FYI: What Causes Muscle Twitches?
Involuntary muscle twitches are exceedingly common and yet not very well understood. "Nearly everyone experiences it," Dr. Daniel Drachman, professor of neurology and neuroscience at Johns Hopkins University, told me. "It occurs spontaneously in well over 90 percent of people at one time or another." Right now, as I write this sentence, it's happening to me. My left eyelid is twitching uncontrollably. It is very annoying.
The most common type of muscle twitches are "fasciculations." Fasciculations can occur in any muscle in the body, but, says Drachman, they tend to occur most noticeably in the limbs and the eyelids.
Why Is My Eyelid Twitching?
Fasciculations are the result of some kind of irritability of the nerve fibers. Because fasciculations are benign, they haven't been studied particularly deeply. (But, not all involuntary muscle twitches are fasciculations--more on that later.) So we don't really know even where in the nerve the irritation is picked up--it could be in the cell body, could be further out in the fibers, nobody really knows. It is also thought that the exact localization of the fasciculation is random, meaning that you will feel a twitch in your arm or leg or eyelid without having necessarily irritated a nerve anywhere near the place you experience the twitch.

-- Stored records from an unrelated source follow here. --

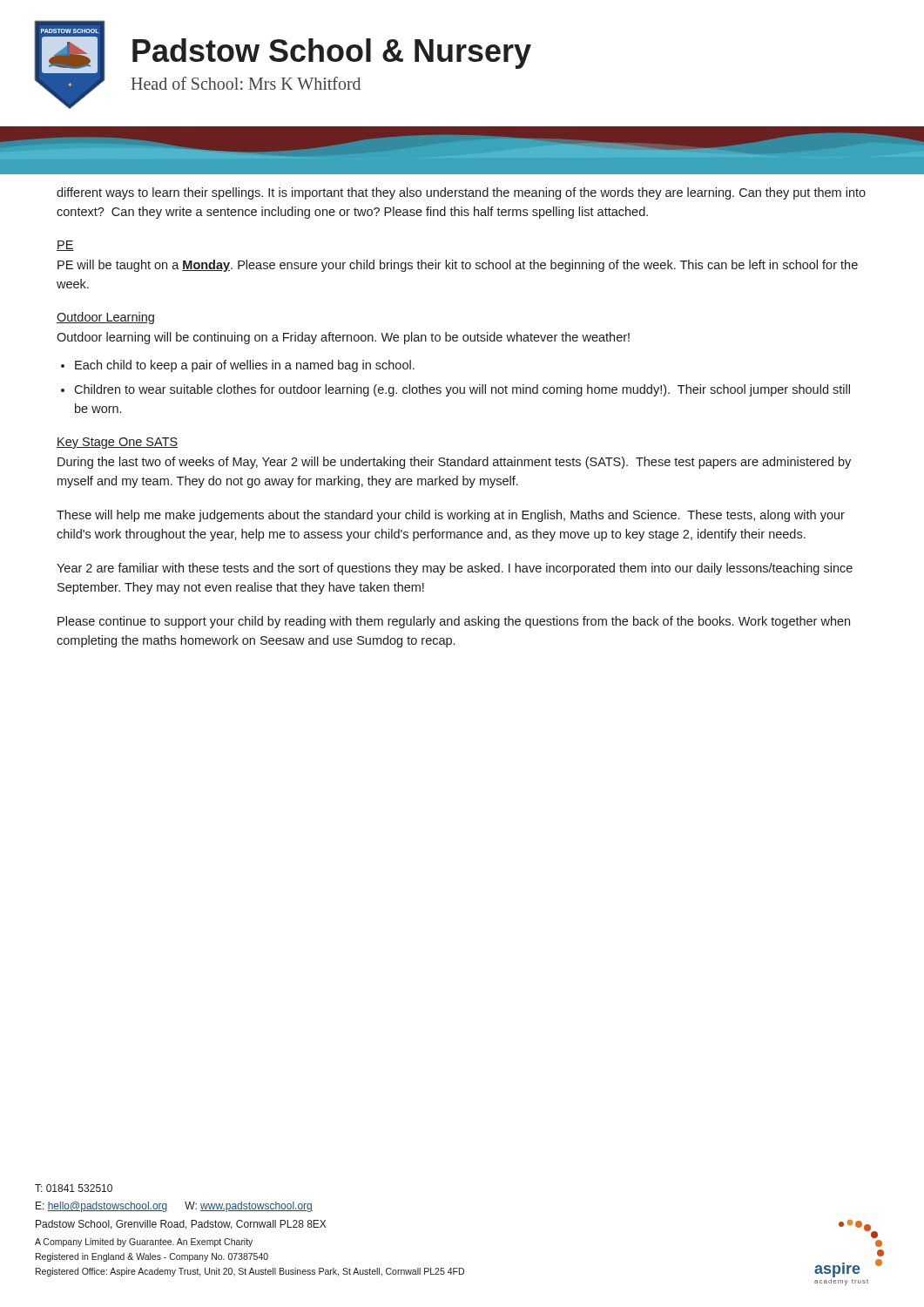Find the illustration
This screenshot has height=1307, width=924.
tap(462, 150)
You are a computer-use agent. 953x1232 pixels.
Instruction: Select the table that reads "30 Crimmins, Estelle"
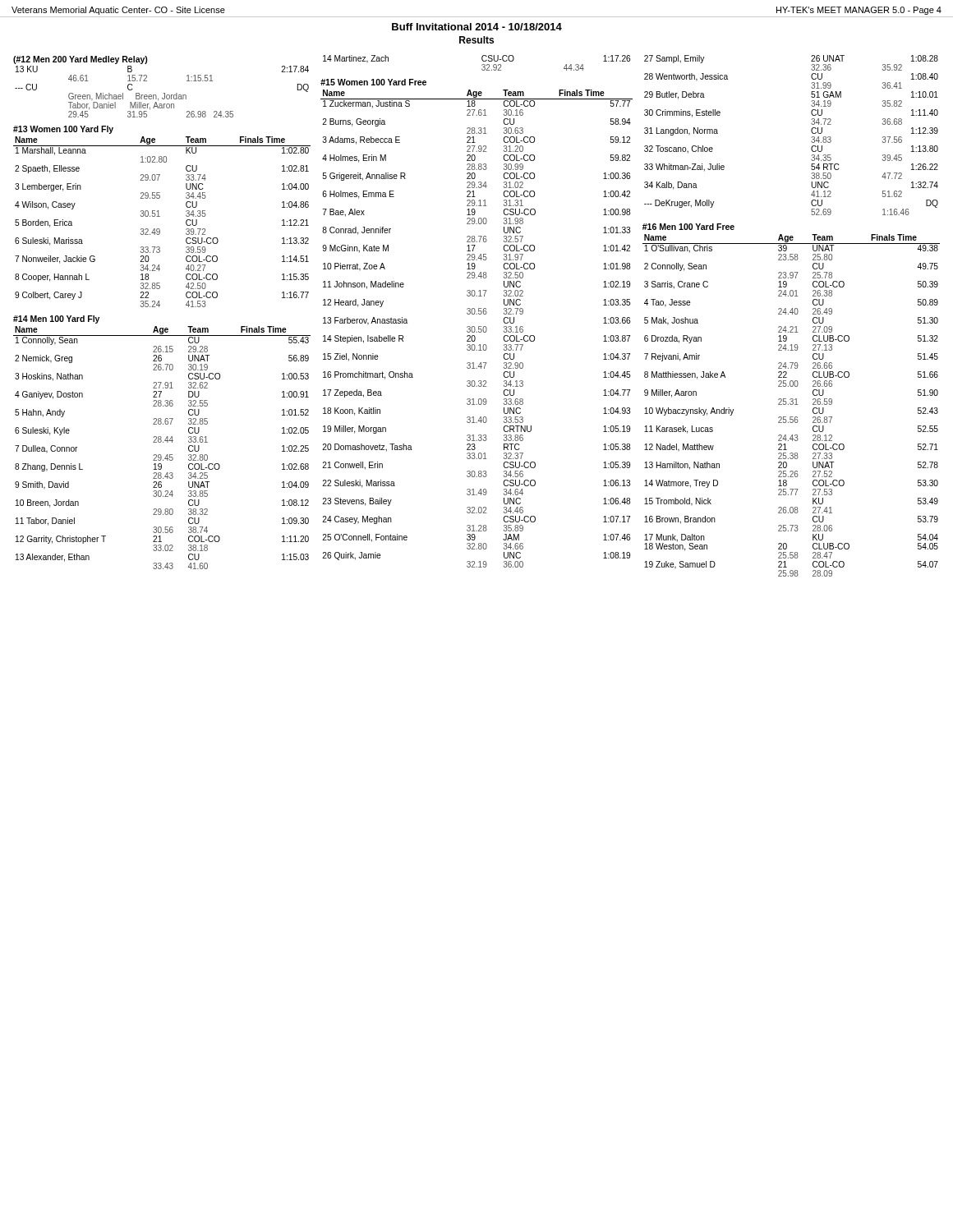click(x=791, y=136)
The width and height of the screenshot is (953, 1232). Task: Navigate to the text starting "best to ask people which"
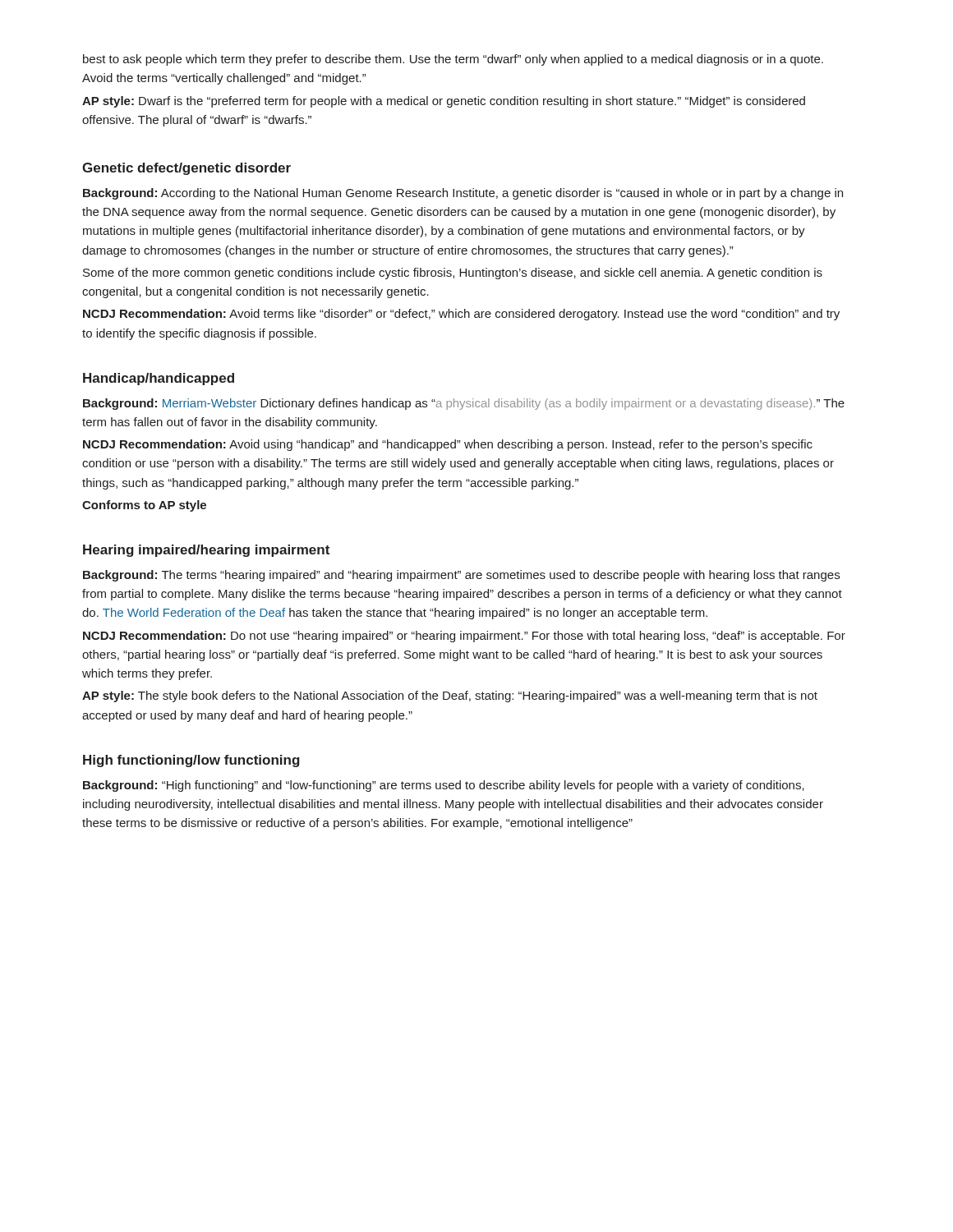pos(464,89)
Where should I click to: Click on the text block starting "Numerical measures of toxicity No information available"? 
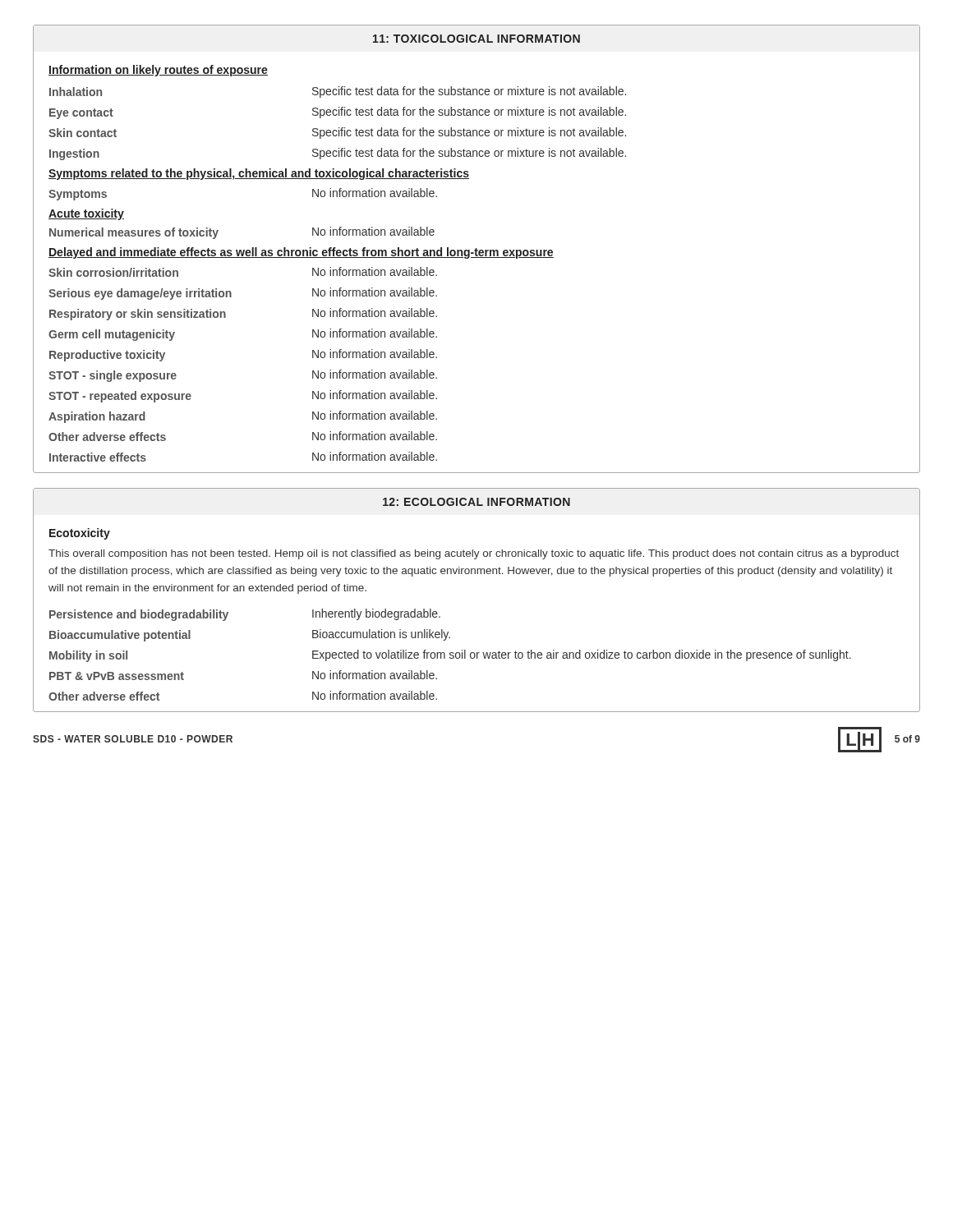pyautogui.click(x=129, y=233)

Causes are also only loosely understood; there are certain behaviors that can trigger fasciculations, including too little sleep, too much exercise, a lack of magnesium, and the use of stimulants (especially caffeine), but no study has been able to concretely pin a cause on fasciculation. These presumed causes are correlations; adjusting your stress, magnesium, caffeine, sleep, and exercise level can help with fasciculations, but that's not evidence of causation.
Does This Mean Anything Sinister?
Well, probably not. A study from the Mayo Clinic found that over 90 percent of people will experience benign fasciculations during their lifetimes. Fasciculations are annoying but not harmful in themselves. They also probably do not indicate any kind of more dangerous underlying disease.

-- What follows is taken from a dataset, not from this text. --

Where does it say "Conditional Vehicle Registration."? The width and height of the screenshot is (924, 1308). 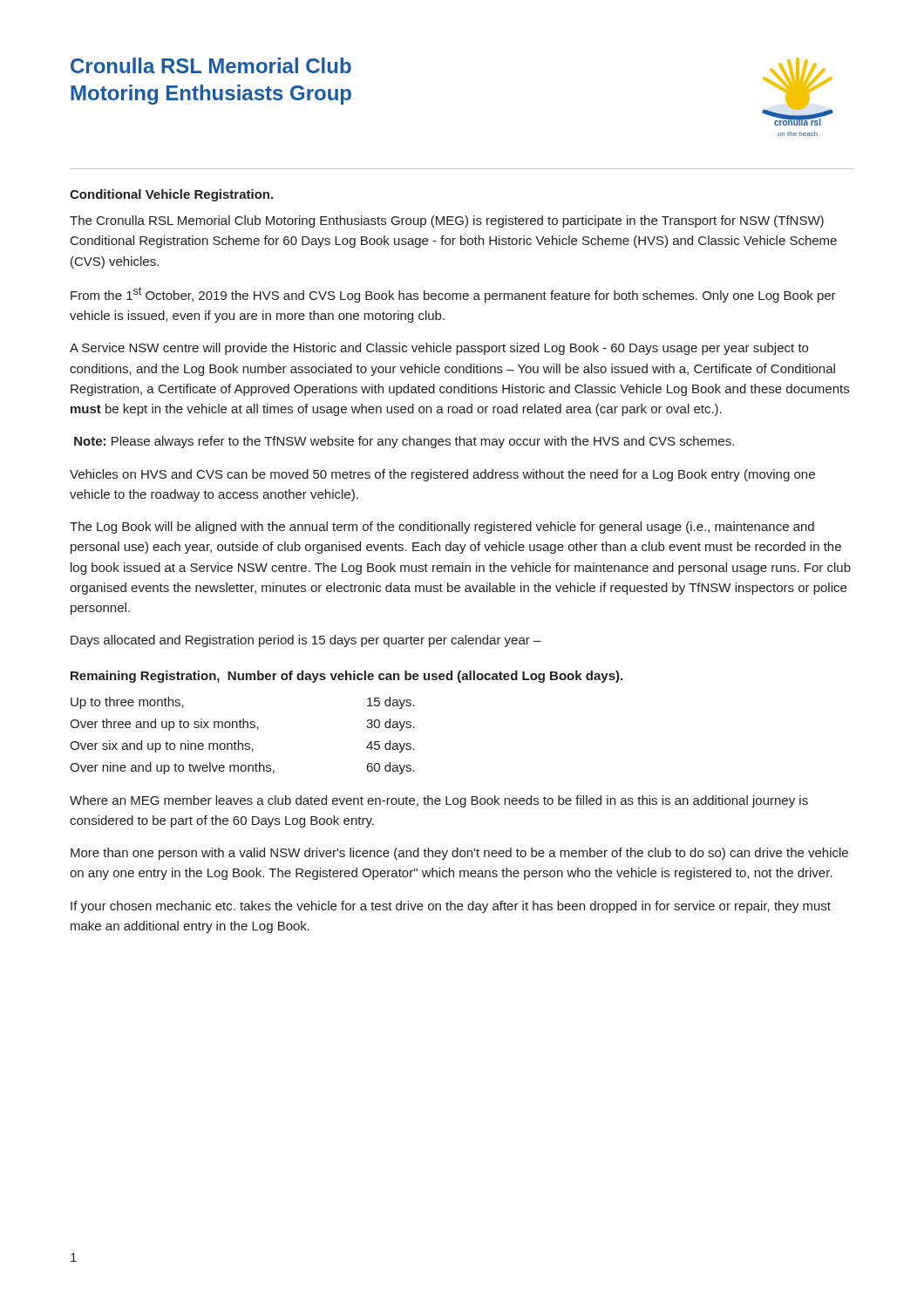point(172,194)
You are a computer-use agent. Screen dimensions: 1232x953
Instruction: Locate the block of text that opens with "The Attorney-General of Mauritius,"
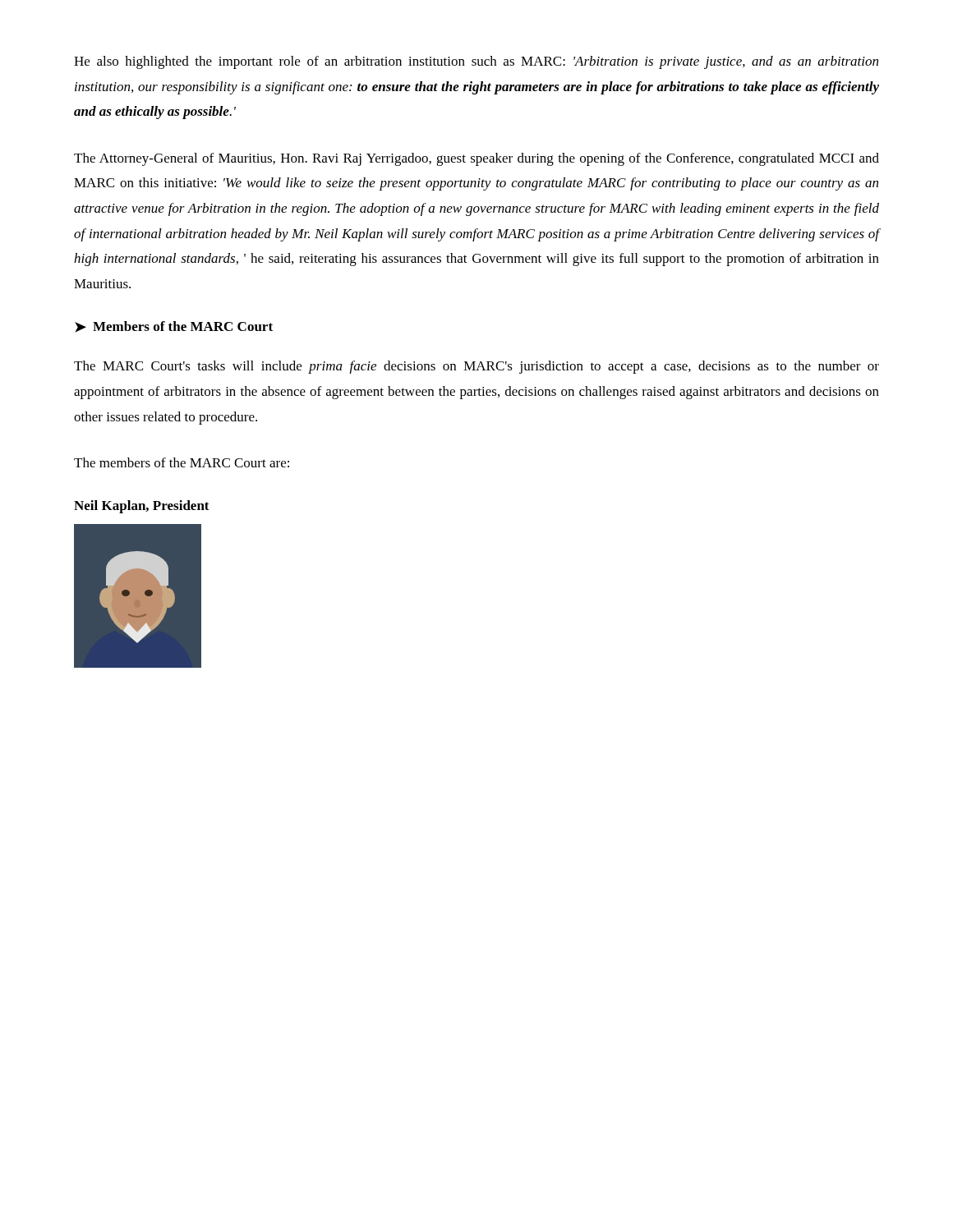[x=476, y=221]

However, involuntary muscle twitches are not all fasciculations, and any non-fasciculation muscle twitch is almost certainly a bad sign. Fibrillation, for example, can be confused with fasciculation, but fibrillation indicates that the surrounding muscle fibers have completely lost their nerve supply. Fibrillations are very bad news, and indicate a serious nerve disorder, like Lou Gehrig's Disease.